TASK INSTRUCTIONS: Please give the listing again in full, leaving out its images.
- Opening Delimiter -
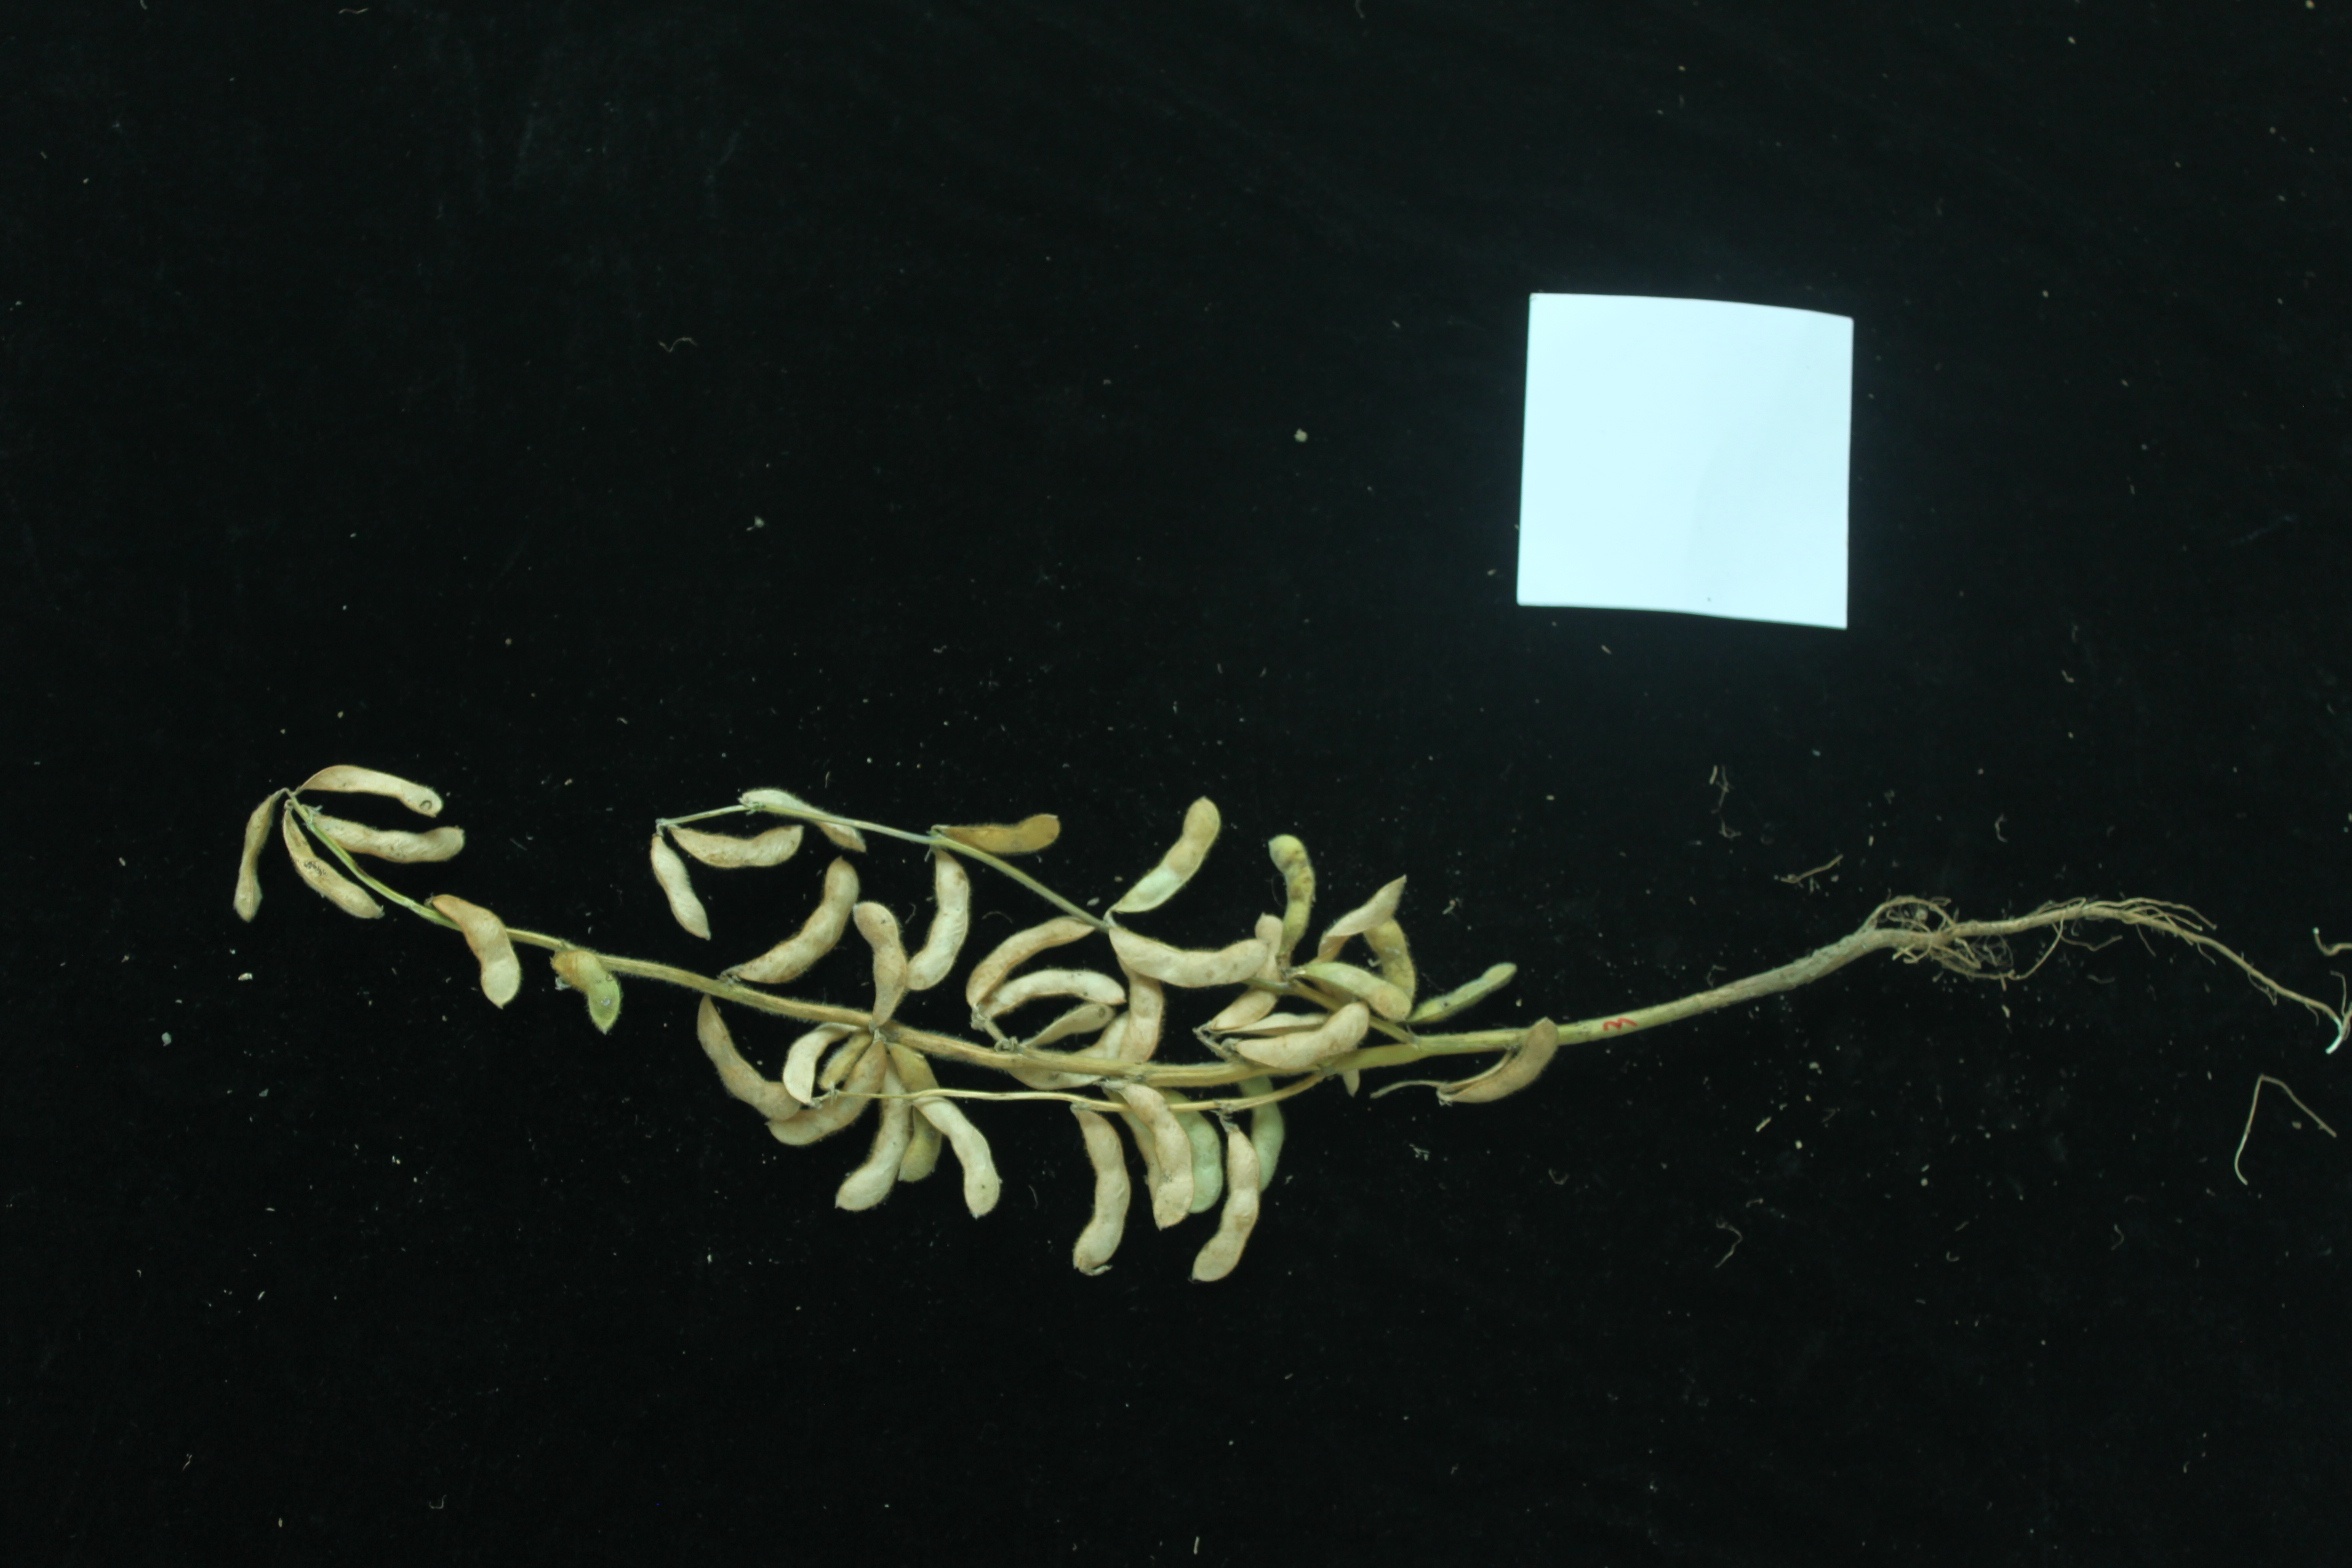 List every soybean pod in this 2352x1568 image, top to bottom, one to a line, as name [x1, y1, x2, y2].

soybean pod [289, 766, 442, 817]
soybean pod [738, 789, 866, 852]
soybean pod [234, 793, 283, 921]
soybean pod [1108, 794, 1220, 913]
soybean pod [301, 806, 463, 861]
soybean pod [283, 809, 382, 918]
soybean pod [941, 815, 1058, 853]
soybean pod [672, 827, 802, 868]
soybean pod [1267, 834, 1315, 966]
soybean pod [651, 839, 710, 939]
soybean pod [900, 851, 969, 990]
soybean pod [733, 862, 859, 983]
soybean pod [1317, 876, 1407, 959]
soybean pod [429, 894, 520, 1010]
soybean pod [850, 904, 908, 1022]
soybean pod [1208, 914, 1285, 1030]
soybean pod [966, 918, 1094, 1011]
soybean pod [1361, 918, 1416, 1004]
soybean pod [1106, 922, 1268, 989]
soybean pod [1105, 933, 1163, 1076]
soybean pod [554, 947, 620, 1034]
soybean pod [1303, 963, 1411, 1022]
soybean pod [1415, 964, 1514, 1022]
soybean pod [971, 970, 1126, 1027]
soybean pod [697, 996, 803, 1120]
soybean pod [1233, 1000, 1367, 1070]
soybean pod [1020, 1003, 1115, 1048]
soybean pod [1006, 1012, 1126, 1090]
soybean pod [1209, 1013, 1335, 1043]
soybean pod [1448, 1017, 1558, 1103]
soybean pod [782, 1022, 860, 1104]
soybean pod [768, 1031, 885, 1145]
soybean pod [820, 1034, 872, 1092]
soybean pod [1215, 1041, 1284, 1189]
soybean pod [889, 1042, 944, 1179]
soybean pod [837, 1052, 908, 1211]
soybean pod [1107, 1080, 1191, 1229]
soybean pod [1149, 1087, 1223, 1213]
soybean pod [910, 1097, 1000, 1218]
soybean pod [1073, 1107, 1129, 1270]
soybean pod [1121, 1113, 1160, 1216]
soybean pod [1194, 1113, 1261, 1281]
- Closing Delimiter -
EXERCISE RESULT:
 List every soybean pod in this 2352x1568 image, top to bottom, one to a line, as name [x1, y1, x2, y2].

soybean pod [289, 766, 442, 817]
soybean pod [738, 789, 866, 852]
soybean pod [234, 793, 283, 921]
soybean pod [1108, 794, 1220, 913]
soybean pod [301, 806, 463, 861]
soybean pod [283, 809, 382, 918]
soybean pod [941, 815, 1058, 853]
soybean pod [672, 827, 802, 868]
soybean pod [1267, 834, 1315, 966]
soybean pod [651, 839, 710, 939]
soybean pod [900, 851, 969, 990]
soybean pod [733, 862, 859, 983]
soybean pod [1317, 876, 1407, 959]
soybean pod [429, 894, 520, 1010]
soybean pod [850, 904, 908, 1022]
soybean pod [1208, 914, 1285, 1030]
soybean pod [966, 918, 1094, 1011]
soybean pod [1361, 918, 1416, 1004]
soybean pod [1106, 922, 1268, 989]
soybean pod [1105, 933, 1163, 1076]
soybean pod [554, 947, 620, 1034]
soybean pod [1303, 963, 1411, 1022]
soybean pod [1415, 964, 1514, 1022]
soybean pod [971, 970, 1126, 1027]
soybean pod [697, 996, 803, 1120]
soybean pod [1233, 1000, 1367, 1070]
soybean pod [1020, 1003, 1115, 1048]
soybean pod [1006, 1012, 1126, 1090]
soybean pod [1209, 1013, 1335, 1043]
soybean pod [1448, 1017, 1558, 1103]
soybean pod [782, 1022, 860, 1104]
soybean pod [768, 1031, 885, 1145]
soybean pod [820, 1034, 872, 1092]
soybean pod [1215, 1041, 1284, 1189]
soybean pod [889, 1042, 944, 1179]
soybean pod [837, 1052, 908, 1211]
soybean pod [1107, 1080, 1191, 1229]
soybean pod [1149, 1087, 1223, 1213]
soybean pod [910, 1097, 1000, 1218]
soybean pod [1073, 1107, 1129, 1270]
soybean pod [1121, 1113, 1160, 1216]
soybean pod [1194, 1113, 1261, 1281]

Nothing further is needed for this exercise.